The spin-flop transition in the quasi two dimensional antiferromagnet MnPS3 detected via thermally generated magnon transport

TL;DR

This study demonstrates the detection of the spin-flop transition in MnPS3 using thermally generated nonlocal magnon transport and the inverse anomalous spin Hall effect, revealing out-of-plane magnon spin polarization changes.

Contribution

It introduces a novel method to detect the spin-flop transition in antiferromagnetic materials via nonlocal magnon transport and inverse anomalous spin Hall effect.

Findings

Detection of the spin-flop transition without spurious effects

Reversal of magnon spin accumulation signals before and after transition

Magnons generated by the spin Seebeck effect are sensitive to the transition

Abstract

We present the detection of the spin-flop transition in the antiferromagnetic van der Waals material MnPS3 via thermally generated nonlocal magnon transport using permalloy detector strips.
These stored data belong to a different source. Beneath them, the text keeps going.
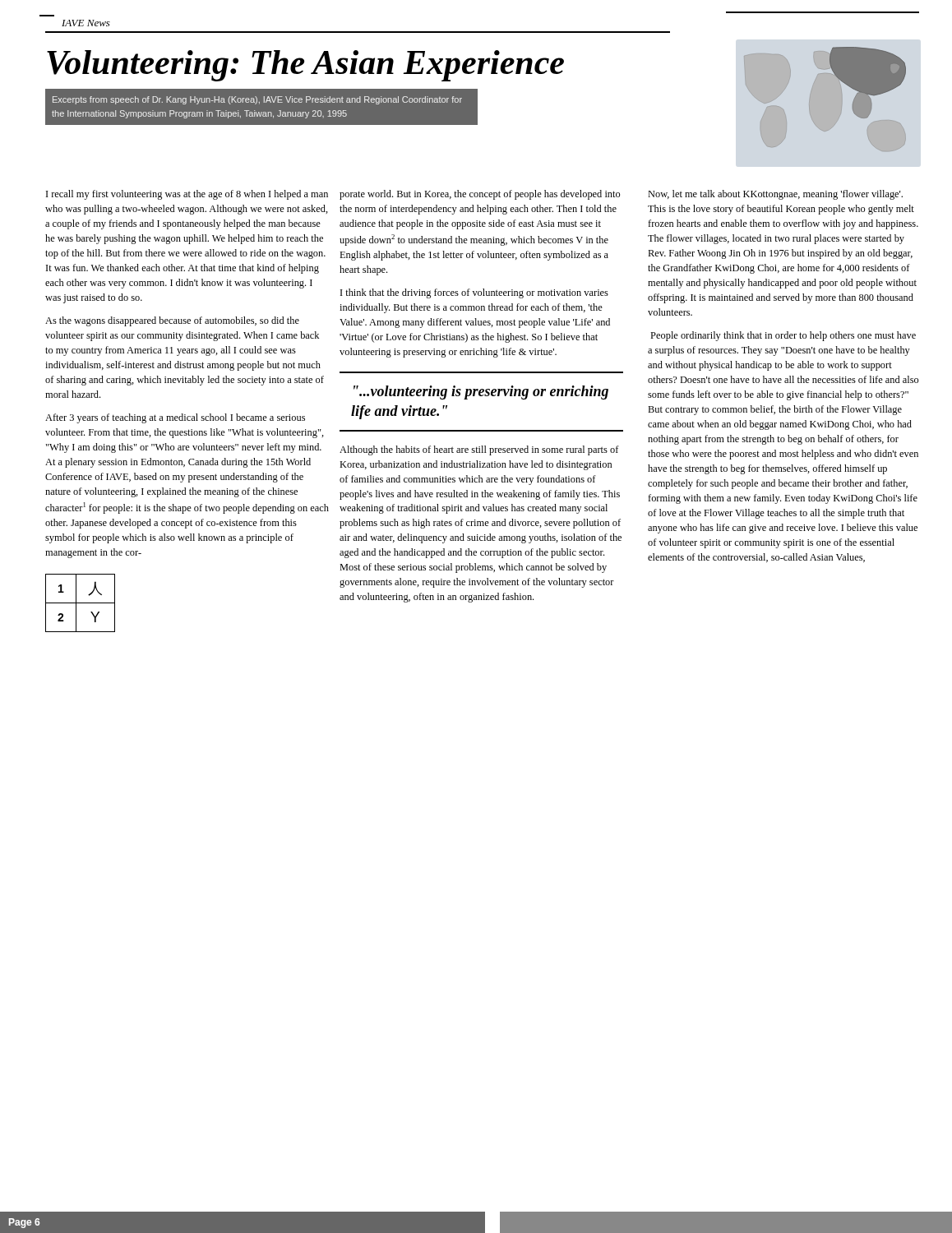Locate the table with the text "1 人 2 Y"

(x=80, y=603)
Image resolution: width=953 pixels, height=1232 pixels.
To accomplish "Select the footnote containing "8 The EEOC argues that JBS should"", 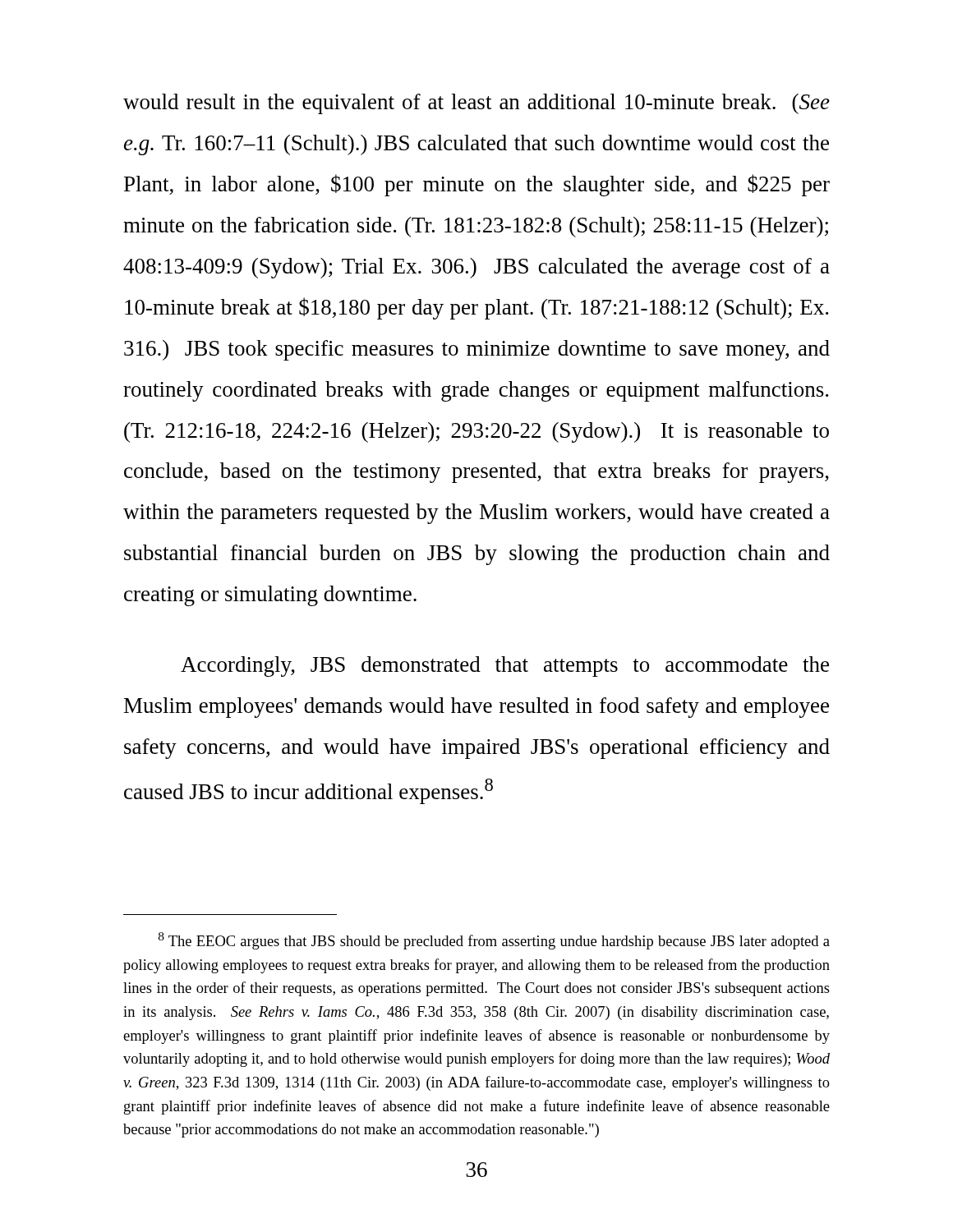I will click(476, 1028).
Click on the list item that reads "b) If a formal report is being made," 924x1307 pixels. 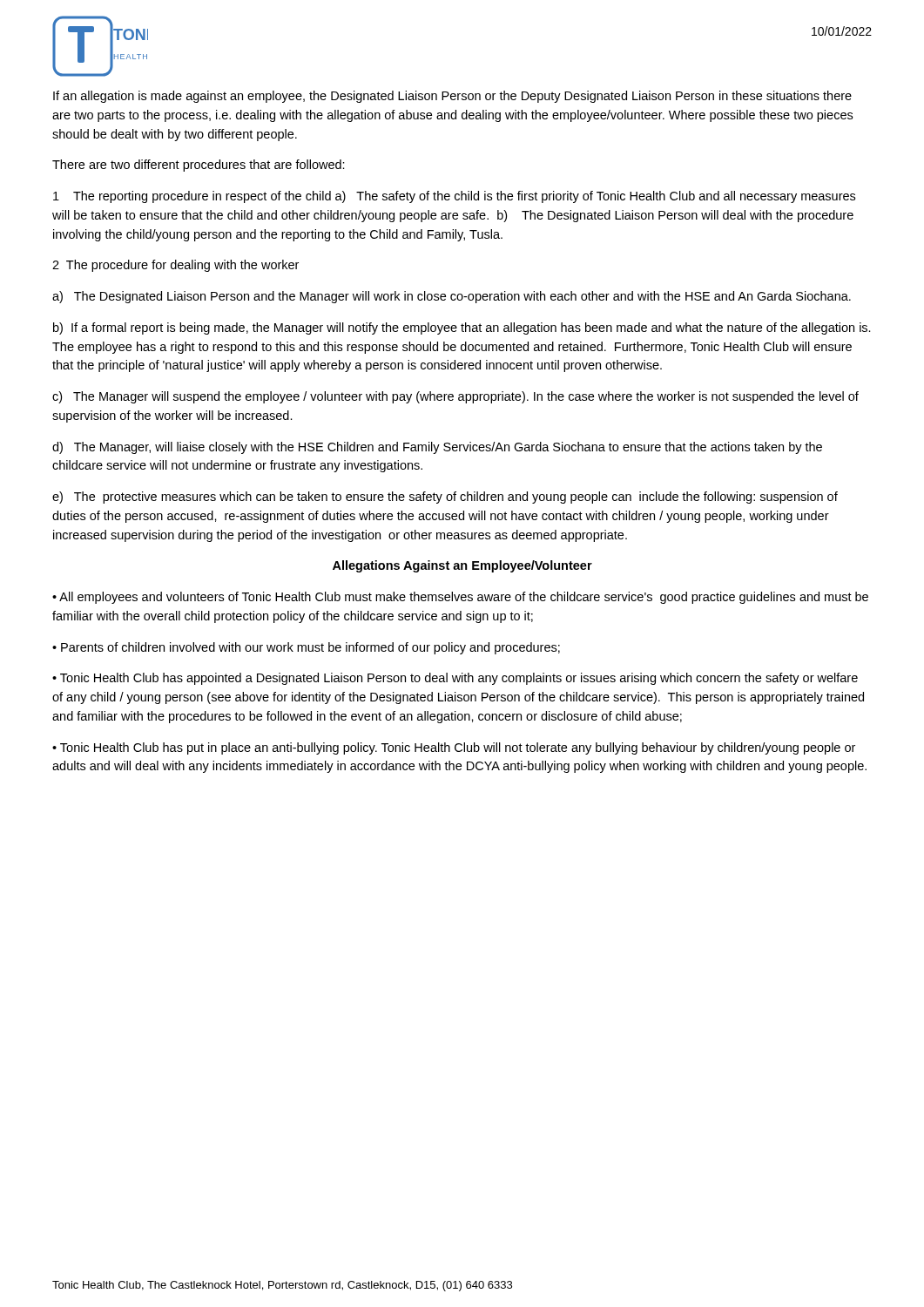click(462, 346)
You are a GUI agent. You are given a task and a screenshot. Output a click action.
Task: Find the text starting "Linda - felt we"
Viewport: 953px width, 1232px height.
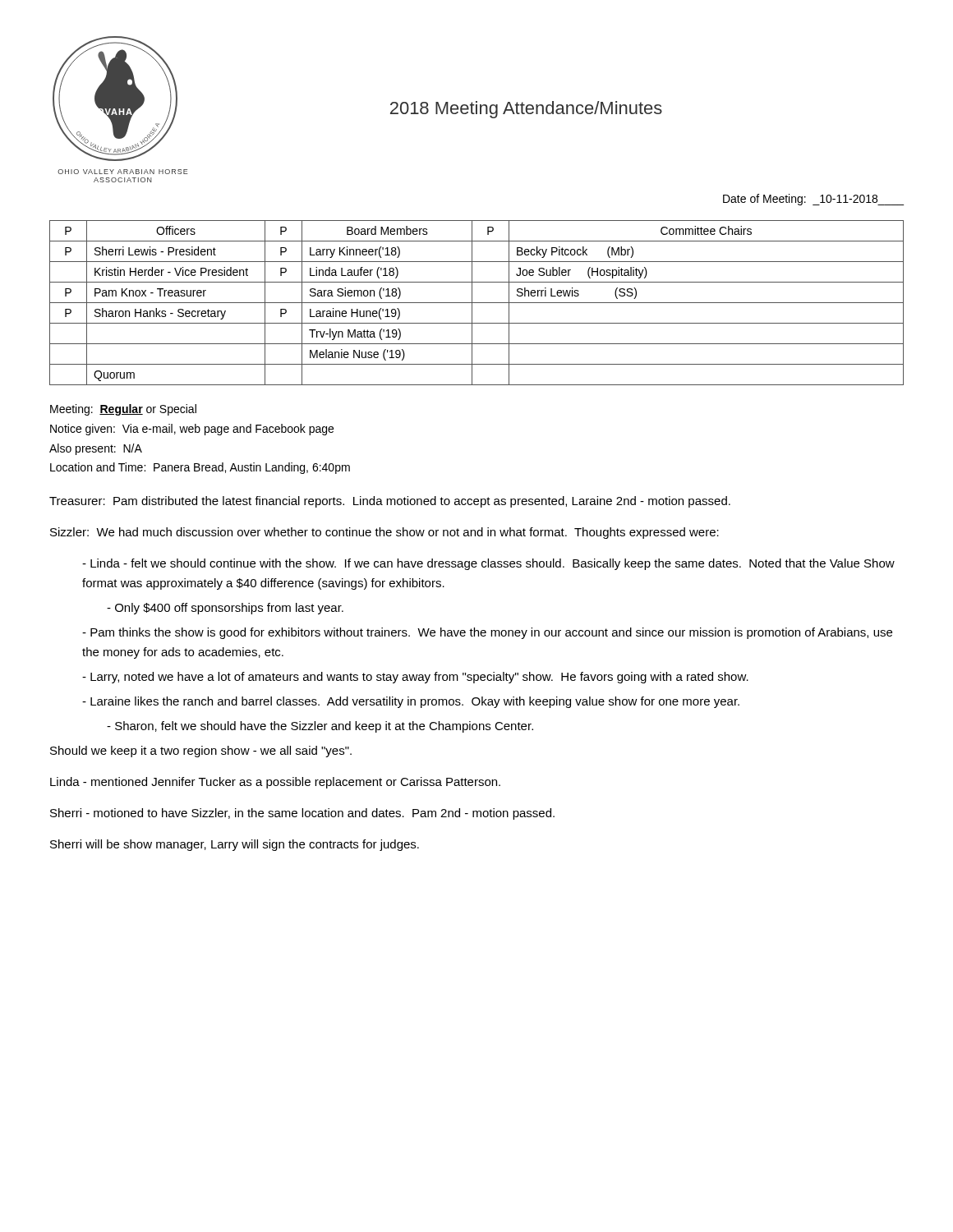click(x=488, y=573)

The inverse anomalous spin Hall effect has the unique power to detect an out-of-plane spin accumulation which enables us to detect magnons with an out-of-plane spin polarization; in contrast to strips of high spin-orbit material such as Pt which only possess the spin Hall effect and are only sensitive to an in-plane spin polarization of the spin accumulation. We show that nonlocal magnon transport is able to measure the spin-flop transition in the absence of other spurious effects. Our measurements show the detection of magnons generated by the spin Seebeck effect before and after the spin-flop transition where the signal reversal of the magnon spin accumulation agrees with the OOP spin polarization carried by magnon modes before and after the SF transition.